Shelnutt's interest in protein analysis and hemes dates back about ten years when he was researching the prospect of engineering molecules to, for example, change gaseous fuel to liquid fuel. Having a history of working with heme proteins at Bell Labs, he wondered if a protein could alter the heme's shape and function as well.
Shelnutt believes that his discovery might lead to changes in the way diseases are treated in the future or for other scientific advances. In collaboration with a French scientist, he is already using his knowledge to develop new anti-inflammatory drugs.
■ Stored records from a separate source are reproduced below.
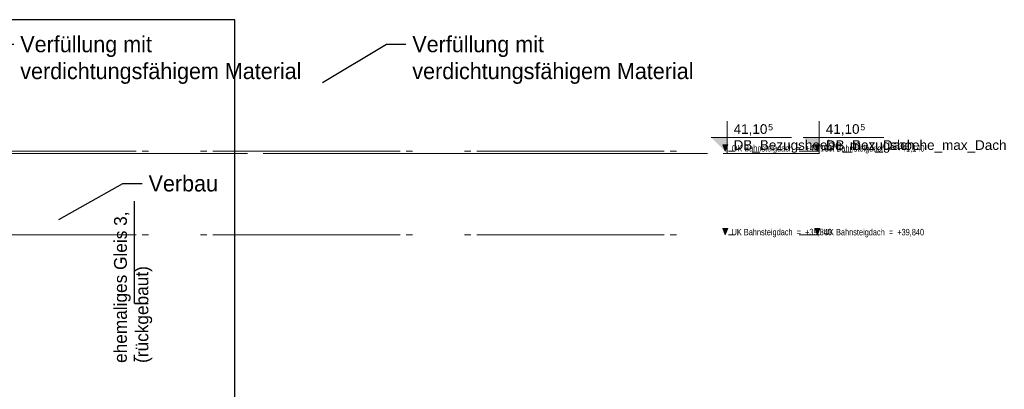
# Model space of a CAD drawing. Extents: x -805 to 3526, y -961 to 1039.
# Tile 96 of 256: x -731.59 to -716.3, y 37.45 to 43.18. Entities that reach past the tile are written whole.
import ezdxf
from ezdxf import colors
from ezdxf.entities.mleader import LeaderData, LeaderLine
from ezdxf.math import Vec2, Vec3

# ---------------------------------------------------------------- set-up
doc = ezdxf.new("R2010")
doc.units = 0
for name, pattern in [('_Ebene_', [4, 2, -1, 0, -1]), ('AUSGEZOGEN', [2, 1, 1]), ('P-HP-Dorsten 2022 - Schnitt - Schnitt 9 rechts der Rampe$0$_Ebene_', [4, 2, -1, 0, -1]), ('P-HP-Dorsten 2022 - Schnitt - Schnitt 9 rechts der Rampe$0$VE22-087 - Bf_Dorsten-Hervest ModellRevit2021_rvt-1-Schnitt 9$0$Verdeckt', [7.14375, 4.7625, -2.38125]), ('STRICHPUNKT2', [12.7, 6.35, -3.175, 0, -3.175]), ('VE22-087 - Bf_Dorsten-Hervest ModellRevit2021_rvt-1-Schnitt 7$0$Verdeckt', [7.14375, 4.7625, -2.38125])]:
    doc.linetypes.add(name, pattern=pattern)
for name, color, linetype, lineweight in [('A-FLOR-LEVL', 51, 'Continuous', 5), ('P-HP-Dorsten 2022 - Schnitt - Schnitt 9 rechts der Rampe$0$A-FLOR-LEVL', 51, 'Continuous', 5), ('P-HP-Dorsten 2022 - Schnitt - Schnitt 9 rechts der Rampe$0$VE22-087 - Bf_Dorsten-Hervest ModellRevit2021_rvt-1-Schnitt 9$0$A-FLOR-LEVL', 51, 'Continuous', 5), ('VE22-087 - Bf_Dorsten-Hervest ModellRevit2021_rvt-1-Schnitt 7$0$A-FLOR-LEVL', 51, 'Continuous', 5)]:
    doc.layers.add(name, color=color, linetype=linetype, lineweight=lineweight)
for name, color, linetype in [('TTK-P-Gleisachse', 250, 'Continuous'), ('TTK-P-TEXT', 12, 'AUSGEZOGEN'), ('TTK-P-Verbau', 35, 'Continuous'), ('TTK-P-Verm-ProVI', 112, 'Continuous'), ('TTK-QP-links', 250, 'Continuous'), ('TTK-QP-rechts', 251, 'Continuous')]:
    doc.layers.add(name, color=color, linetype=linetype)
doc.styles.add('AKG DIN 6776', font='AKG_DIN67.TTF')
doc.styles.add('Arial Narrow', font='ARIALN.TTF', dxfattribs={"width": 0.8, "height": 100})
doc.styles.add('P-HP-Dorsten 2022 - Schnitt - Schnitt 9 rechts der Rampe$0$Arial Narrow', font='ARIALN.TTF', dxfattribs={"width": 0.8, "height": 100})
doc.styles.add('P-HP-Dorsten 2022 - Schnitt - Schnitt 9 rechts der Rampe$0$VE22-087 - Bf_Dorsten-Hervest ModellRevit2021_rvt-1-Schnitt 9$0$Arial', font='arial.ttf', dxfattribs={"height": 150})
doc.styles.add('P-HP-Dorsten 2022 - Schnitt - Schnitt 9 rechts der Rampe$0$VE22-087 - Bf_Dorsten-Hervest ModellRevit2021_rvt-1-Schnitt 9$0$Arial_1', font='arial.ttf', dxfattribs={"height": 97.483633})
doc.styles.get("Standard").update_dxf_attribs({"font": 'arial.ttf'})
doc.styles.add('VE22-087 - Bf_Dorsten-Hervest ModellRevit2021_rvt-1-Schnitt 7$0$Arial', font='arial.ttf', dxfattribs={"height": 150})
doc.styles.add('VE22-087 - Bf_Dorsten-Hervest ModellRevit2021_rvt-1-Schnitt 7$0$Arial_1', font='arial.ttf', dxfattribs={"height": 97.483633})

# ---------------------------------------------------------------- blocks, each defined once
blk = doc.blocks.new('_None')
blk = doc.blocks.new('Ebene - Allgemein-1046862-Schnitt 7')
at = {"layer": 'A-FLOR-LEVL'}
blk.add_hatch(color=256, dxfattribs=at).paths.add_polyline_path([(27759, 36774), (27720, 36676), (27680, 36774)])
at = {"layer": 'A-FLOR-LEVL', "lineweight": 9}
for p, q in [((27759, 36774), (27680, 36774)), ((27680, 36774), (27720, 36676)), ((27720, 36676), (27759, 36774))]:
    blk.add_line(p, q, dxfattribs=at)
blk = doc.blocks.new('VE22-087 - Bf_Dorsten-Hervest ModellRevit2021_rvt-1-Schnitt 7$0$Ebene - Beschriftung Ebene-25273-Schnitt 7')
at = {"layer": 'VE22-087 - Bf_Dorsten-Hervest ModellRevit2021_rvt-1-Schnitt 7$0$A-FLOR-LEVL', "lineweight": 9}
blk.add_hatch(color=256, dxfattribs=at).paths.add_polyline_path([(27750, 37130), (27750, 36880), (27500, 37130)])
at = {"layer": 'VE22-087 - Bf_Dorsten-Hervest ModellRevit2021_rvt-1-Schnitt 7$0$A-FLOR-LEVL', "color": 90, "lineweight": 18}
for p, q in [((27750, 36880), (27750, 37380)), ((27500, 37130), (28750, 37130))]:
    blk.add_line(p, q, dxfattribs=at)
blk = doc.blocks.new('Schnitt7links neben rampe')
at = {"layer": 'A-FLOR-LEVL', "linetype": '_Ebene_'}
for p, q in [((-17.016, 1.3), (20.196, 1.3)), ((-17.016, 0), (20.196, 0))]:
    blk.add_line(p, q, dxfattribs=at)
at = {"layer": 'VE22-087 - Bf_Dorsten-Hervest ModellRevit2021_rvt-1-Schnitt 7$0$A-FLOR-LEVL', "linetype": 'VE22-087 - Bf_Dorsten-Hervest ModellRevit2021_rvt-1-Schnitt 7$0$Verdeckt', "lineweight": 9}
blk.add_line((-17.016, 1.263), (20.196, 1.263), dxfattribs=at)
at = {"layer": 'A-FLOR-LEVL', "lineweight": 9, "xscale": 0.001, "yscale": 0.001, "zscale": 0.001}
for p in [(-7.555, -35.376), (-7.555, -36.676)]:
    blk.add_blockref('Ebene - Allgemein-1046862-Schnitt 7', p, dxfattribs=at)
at = {"layer": 'VE22-087 - Bf_Dorsten-Hervest ModellRevit2021_rvt-1-Schnitt 7$0$A-FLOR-LEVL', "color": 90, "lineweight": 18, "xscale": 0.001, "yscale": 0.001, "zscale": 0.001}
blk.add_blockref('VE22-087 - Bf_Dorsten-Hervest ModellRevit2021_rvt-1-Schnitt 7$0$Ebene - Beschriftung Ebene-25273-Schnitt 7', (-7.555, -35.617), dxfattribs=at)
at = {"layer": 'A-FLOR-LEVL', "char_height": 0.1, "attachment_point": 1, "style": 'Arial Narrow'}
for s, insert, width in [('OK Bahnsteigdach  =  +41,140', (20.264, 1.394), 1.57451), ('UK Bahnsteigdach  =  +39,840', (20.264, 0.094), 1.5681)]:
    blk.add_mtext(s, dxfattribs=dict(at, insert=insert, width=width))
at = {"layer": 'VE22-087 - Bf_Dorsten-Hervest ModellRevit2021_rvt-1-Schnitt 7$0$A-FLOR-LEVL', "lineweight": 9, "attachment_point": 1}
for s, insert, char_height, width, style in [('41,10', (20.296, 1.718), 0.15, 0.64937, 'VE22-087 - Bf_Dorsten-Hervest ModellRevit2021_rvt-1-Schnitt 7$0$Arial'), ('5', (20.832, 1.721), 0.0975, 0.0962, 'VE22-087 - Bf_Dorsten-Hervest ModellRevit2021_rvt-1-Schnitt 7$0$Arial_1'), ('DB_Bezugshoehe_max_Dach', (20.296, 1.469), 0.15, 3.45928, 'VE22-087 - Bf_Dorsten-Hervest ModellRevit2021_rvt-1-Schnitt 7$0$Arial')]:
    blk.add_mtext(s, dxfattribs=dict(at, insert=insert, char_height=char_height, width=width, style=style))
blk = doc.blocks.new('P-HP-Dorsten 2022 - Schnitt - Schnitt 9 rechts der Rampe$0$Ebene - Allgemein-1046862-Schnitt 9')
at = {"layer": 'P-HP-Dorsten 2022 - Schnitt - Schnitt 9 rechts der Rampe$0$A-FLOR-LEVL'}
blk.add_hatch(color=256, dxfattribs=at).paths.add_polyline_path([(26197, 36774), (26157, 36676), (26118, 36774)])
at = {"layer": 'P-HP-Dorsten 2022 - Schnitt - Schnitt 9 rechts der Rampe$0$A-FLOR-LEVL', "lineweight": 9}
for p, q in [((26197, 36774), (26118, 36774)), ((26118, 36774), (26157, 36676)), ((26157, 36676), (26197, 36774))]:
    blk.add_line(p, q, dxfattribs=at)
blk = doc.blocks.new('P-HP-Dorsten 2022 - Schnitt - Schnitt 9 rechts der Rampe$0$VE22-087 - Bf_Dorsten-Hervest ModellRevit2021_rvt-1-Schnitt 9$0$Ebene - Beschriftung Ebene-25273-Schnitt 9')
at = {"layer": 'P-HP-Dorsten 2022 - Schnitt - Schnitt 9 rechts der Rampe$0$VE22-087 - Bf_Dorsten-Hervest ModellRevit2021_rvt-1-Schnitt 9$0$A-FLOR-LEVL', "lineweight": 9}
blk.add_hatch(color=256, dxfattribs=at).paths.add_polyline_path([(26188, 37130), (26188, 36880), (25938, 37130)])
at = {"layer": 'P-HP-Dorsten 2022 - Schnitt - Schnitt 9 rechts der Rampe$0$VE22-087 - Bf_Dorsten-Hervest ModellRevit2021_rvt-1-Schnitt 9$0$A-FLOR-LEVL', "color": 90, "lineweight": 18}
for p, q in [((26188, 36880), (26188, 37380)), ((25938, 37130), (27188, 37130))]:
    blk.add_line(p, q, dxfattribs=at)
blk = doc.blocks.new('P-HP-Dorsten 2022 - Schnitt - Schnitt 9 rechts der Rampe')
at = {"layer": 'P-HP-Dorsten 2022 - Schnitt - Schnitt 9 rechts der Rampe$0$A-FLOR-LEVL', "linetype": 'P-HP-Dorsten 2022 - Schnitt - Schnitt 9 rechts der Rampe$0$_Ebene_'}
for p, q in [((3138.736, 35240.905), (3179.524, 35240.905)), ((3138.736, 35239.605), (3179.524, 35239.605))]:
    blk.add_line(p, q, dxfattribs=at)
at = {"layer": 'P-HP-Dorsten 2022 - Schnitt - Schnitt 9 rechts der Rampe$0$VE22-087 - Bf_Dorsten-Hervest ModellRevit2021_rvt-1-Schnitt 9$0$A-FLOR-LEVL', "linetype": 'P-HP-Dorsten 2022 - Schnitt - Schnitt 9 rechts der Rampe$0$VE22-087 - Bf_Dorsten-Hervest ModellRevit2021_rvt-1-Schnitt 9$0$Verdeckt', "lineweight": 9}
blk.add_line((3138.736, 35240.868), (3179.524, 35240.868), dxfattribs=at)
at = {"layer": 'P-HP-Dorsten 2022 - Schnitt - Schnitt 9 rechts der Rampe$0$A-FLOR-LEVL', "lineweight": 9, "xscale": 0.001, "yscale": 0.001, "zscale": 0.001}
for p in [(3153.337, 35204.229), (3153.337, 35202.929)]:
    blk.add_blockref('P-HP-Dorsten 2022 - Schnitt - Schnitt 9 rechts der Rampe$0$Ebene - Allgemein-1046862-Schnitt 9', p, dxfattribs=at)
at = {"layer": 'P-HP-Dorsten 2022 - Schnitt - Schnitt 9 rechts der Rampe$0$VE22-087 - Bf_Dorsten-Hervest ModellRevit2021_rvt-1-Schnitt 9$0$A-FLOR-LEVL', "color": 90, "lineweight": 18, "xscale": 0.001, "yscale": 0.001, "zscale": 0.001}
blk.add_blockref('P-HP-Dorsten 2022 - Schnitt - Schnitt 9 rechts der Rampe$0$VE22-087 - Bf_Dorsten-Hervest ModellRevit2021_rvt-1-Schnitt 9$0$Ebene - Beschriftung Ebene-25273-Schnitt 9', (3153.337, 35203.989), dxfattribs=at)
at = {"layer": 'P-HP-Dorsten 2022 - Schnitt - Schnitt 9 rechts der Rampe$0$A-FLOR-LEVL', "char_height": 0.1, "attachment_point": 1, "style": 'P-HP-Dorsten 2022 - Schnitt - Schnitt 9 rechts der Rampe$0$Arial Narrow'}
for s, insert, width in [('OK Bahnsteigdach  =  +41,140', (3179.592, 35241), 1.57451), ('UK Bahnsteigdach  =  +39,840', (3179.592, 35239.7), 1.5681)]:
    blk.add_mtext(s, dxfattribs=dict(at, insert=insert, width=width))
at = {"layer": 'P-HP-Dorsten 2022 - Schnitt - Schnitt 9 rechts der Rampe$0$VE22-087 - Bf_Dorsten-Hervest ModellRevit2021_rvt-1-Schnitt 9$0$A-FLOR-LEVL', "lineweight": 9, "attachment_point": 1}
for s, insert, char_height, width, style in [('41,10', (3179.624, 35241.323), 0.15, 0.64937, 'P-HP-Dorsten 2022 - Schnitt - Schnitt 9 rechts der Rampe$0$VE22-087 - Bf_Dorsten-Hervest ModellRevit2021_rvt-1-Schnitt 9$0$Arial'), ('5', (3180.16, 35241.326), 0.0975, 0.0962, 'P-HP-Dorsten 2022 - Schnitt - Schnitt 9 rechts der Rampe$0$VE22-087 - Bf_Dorsten-Hervest ModellRevit2021_rvt-1-Schnitt 9$0$Arial_1'), ('DB_Bezugshoehe_max_Dach', (3179.624, 35241.075), 0.15, 3.45928, 'P-HP-Dorsten 2022 - Schnitt - Schnitt 9 rechts der Rampe$0$VE22-087 - Bf_Dorsten-Hervest ModellRevit2021_rvt-1-Schnitt 9$0$Arial')]:
    blk.add_mtext(s, dxfattribs=dict(at, insert=insert, char_height=char_height, width=width, style=style))

msp = doc.modelspace()

# ---------------------------------------------------------------- linework, layer by layer
at = {"layer": 'TTK-P-Gleisachse', "color": 251, "linetype": 'STRICHPUNKT2', "ltscale": 0.25}
msp.add_line((-729.8132, 40.3635), (-729.8132, 31.3671), dxfattribs=at)
at = {"layer": 'TTK-P-Verm-ProVI', "color": 251}
msp.add_lwpolyline([(-762.2017, 26.1873), (-728.2496, 26.1873), (-728.2496, 43.1784), (-762.2017, 43.1784)], close=True, dxfattribs=at)
msp.add_lwpolyline([(-762.2017, 26.1873), (-728.2496, 26.1873), (-728.2496, 43.1784), (-762.2017, 43.1784)], close=True, dxfattribs=at)

# ---------------------------------------------------------------- block references
at = {"layer": 'TTK-QP-links', "color": 251}
msp.add_blockref('Schnitt7links neben rampe', (-739.3684, 39.8403), dxfattribs=at)
at = {"layer": 'TTK-QP-rechts', "color": 251}
msp.add_blockref('P-HP-Dorsten 2022 - Schnitt - Schnitt 9 rechts der Rampe', (-3900.1279, -35199.765), dxfattribs=at)

# ---------------------------------------------------------------- texts
at = {"layer": 'TTK-P-Gleisachse', "color": 251, "insert": (-729.5336, 37.8557), "char_height": 0.2, "attachment_point": 7, "rotation": 90}
msp.add_mtext_dynamic_manual_height_columns('{\\fAKG DIN 6776|b0|i0|c0|p2;ehemaliges Gleis 3, (rückgebaut)}', width=3.161727, gutter_width=12.5, heights=[0], dxfattribs=at)

# ---------------------------------------------------------------- leaders
at = {"layer": 'TTK-P-TEXT', "color": 251}
ml = msp.add_multileader_mtext('Standard', dxfattribs=at)
ml.set_content('\\A1;Verfüllung mit \\Pverdichtungsfähigem Material', color=256, style='AKG DIN 6776')
ml.set_leader_properties(color=256)
ml.set_arrow_properties(name='NONE')
ml.build(insert=Vec2(0, 0))
ml.multileader.update_dxf_attribs({"dogleg_length": 3, "arrow_head_size": 0.3, "scale": 0.1})
ctx = ml.context
ctx.base_point, ctx.scale, ctx.char_height, ctx.arrow_head_size, ctx.landing_gap_size, ctx.plane_origin = Vec3(-731.6826, 42.7637), 0.1, 0.25, 0.3, 0.1, Vec3(-732.977, 42.2027)
notes = []
notes.append((ctx, [(0, (1, 1, 0), (-731.9826, 42.7993), (1, 0), 0.3, [(0, [(-732.977, 42.2027)], 0, [])])]))
ctx.mtext.insert, ctx.mtext.flow_direction = Vec3(-731.5826, 42.9243), 5
ml = msp.add_multileader_mtext('Standard', dxfattribs=at)
ml.set_content('\\A1;Verfüllung mit \\Pverdichtungsfähigem Material', color=256, style='AKG DIN 6776')
ml.set_leader_properties(color=256)
ml.set_arrow_properties(name='NONE')
ml.build(insert=Vec2(0, 0))
ml.multileader.update_dxf_attribs({"dogleg_length": 3, "arrow_head_size": 0.3, "scale": 0.1})
ctx = ml.context
ctx.base_point, ctx.scale, ctx.char_height, ctx.arrow_head_size, ctx.landing_gap_size, ctx.plane_origin = Vec3(-725.5937, 42.7637), 0.1, 0.25, 0.3, 0.1, Vec3(-726.888, 42.2027)
notes.append((ctx, [(0, (1, 1, 0), (-725.8937, 42.7993), (1, 0), 0.3, [(0, [(-726.888, 42.2027)], 0, [])])]))
ctx.mtext.insert, ctx.mtext.flow_direction = Vec3(-725.4937, 42.9243), 5
at = {"layer": 'TTK-P-Verbau', "color": 251}
ml = msp.add_multileader_mtext('Standard', dxfattribs=at)
ml.set_content('Verbau', color=256, style='AKG DIN 6776')
ml.set_leader_properties(color=256)
ml.set_arrow_properties(name='NONE')
ml.build(insert=Vec2(0, 0))
ml.multileader.update_dxf_attribs({"dogleg_length": 3, "arrow_head_size": 0.3, "scale": 0.1})
ctx = ml.context
ctx.base_point, ctx.scale, ctx.char_height, ctx.arrow_head_size, ctx.landing_gap_size, ctx.plane_origin = Vec3(-729.6898, 40.6392), 0.1, 0.25, 0.3, 0.1, Vec3(-730.9842, 40.0781)
notes.append((ctx, [(0, (1, 1, 0), (-729.9898, 40.6394), (1, 0), 0.3, [(0, [(-730.9842, 40.0781)], 0, [])])]))
ctx.mtext.insert, ctx.mtext.flow_direction = Vec3(-729.5898, 40.7645), 5
for ctx, leaders in notes:
    for number, flags, end, landing, length, lines in leaders:
        leader = LeaderData()
        leader.index, (leader.has_last_leader_line, leader.has_dogleg_vector, leader.attachment_direction) = number, flags
        leader.last_leader_point, leader.dogleg_vector, leader.dogleg_length = Vec3(end), Vec3(landing), length
        for number, points, colour, breaks in lines:
            line = LeaderLine()
            line.index, line.vertices, line.color, line.breaks = number, Vec3.list(points), colors.encode_raw_color(colour), breaks
            leader.lines.append(line)
        ctx.leaders.append(leader)

doc.saveas('drawing.dxf')

Another possibility is to understand how hemes from another protein Shelnutt is working with convert sulfites or nitrites -- common pollutants -- into hydrogen sulfide or ammonia. Then, analogous arrangements of hemes could be chemically engineered, produced in batches, and released to clean up waste sites.
"The revelation that heme shape is correlated to a protein's function is so new that we don't yet know where this knowledge can take us," Shelnutt says. "We have a new key to better understand life and now we have to figure out what to do with it."